RAW DATA:
====================

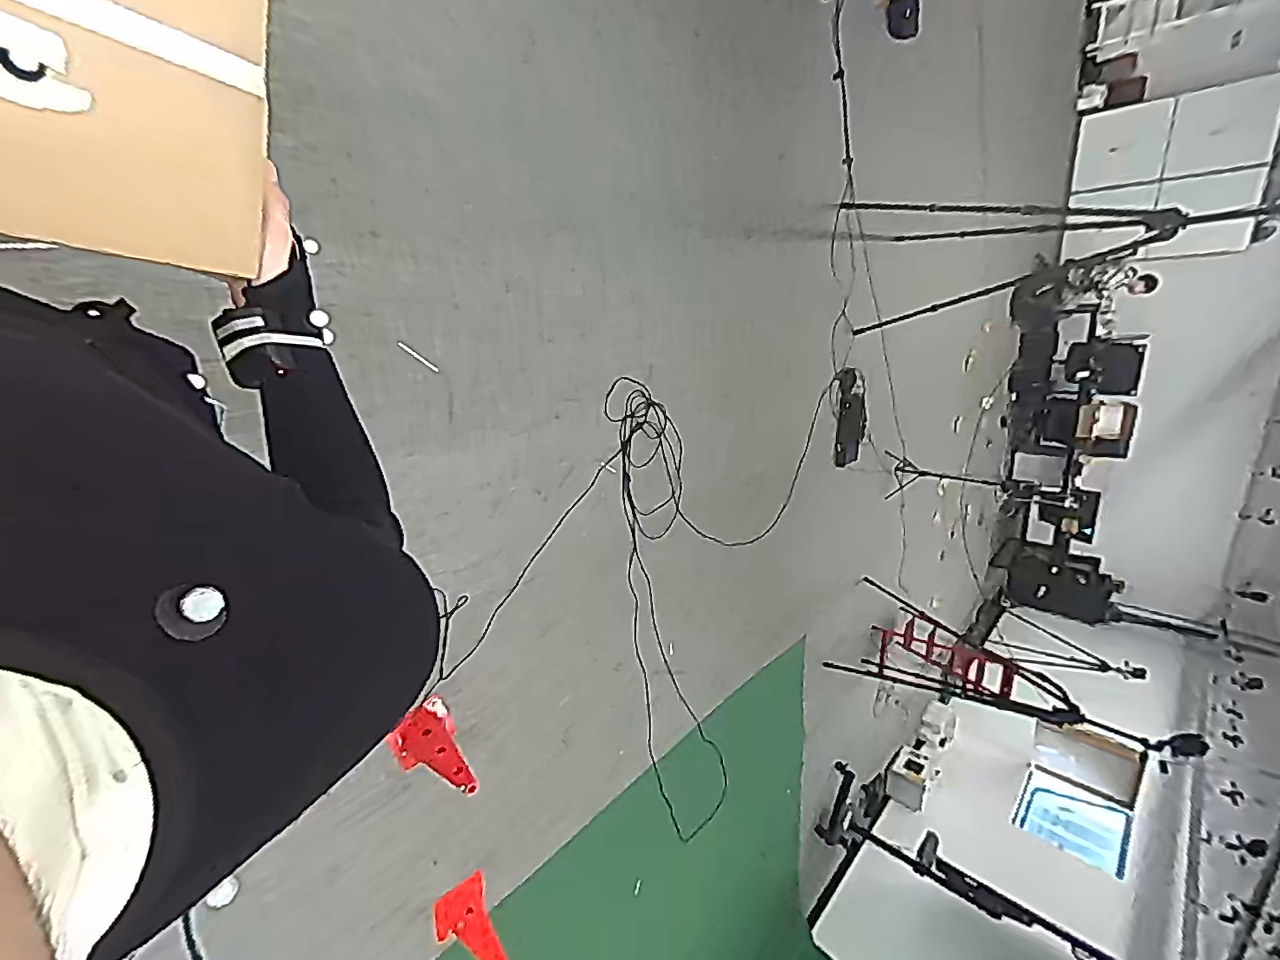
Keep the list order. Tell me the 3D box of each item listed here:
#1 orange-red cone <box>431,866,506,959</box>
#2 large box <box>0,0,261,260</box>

====================

TASK DESCRIPTION:
Would you return the material above exactly, apart from its pictures?

TASK RESULT:
Keep the list order. Tell me the 3D box of each item listed here:
#1 orange-red cone <box>431,866,506,959</box>
#2 large box <box>0,0,261,260</box>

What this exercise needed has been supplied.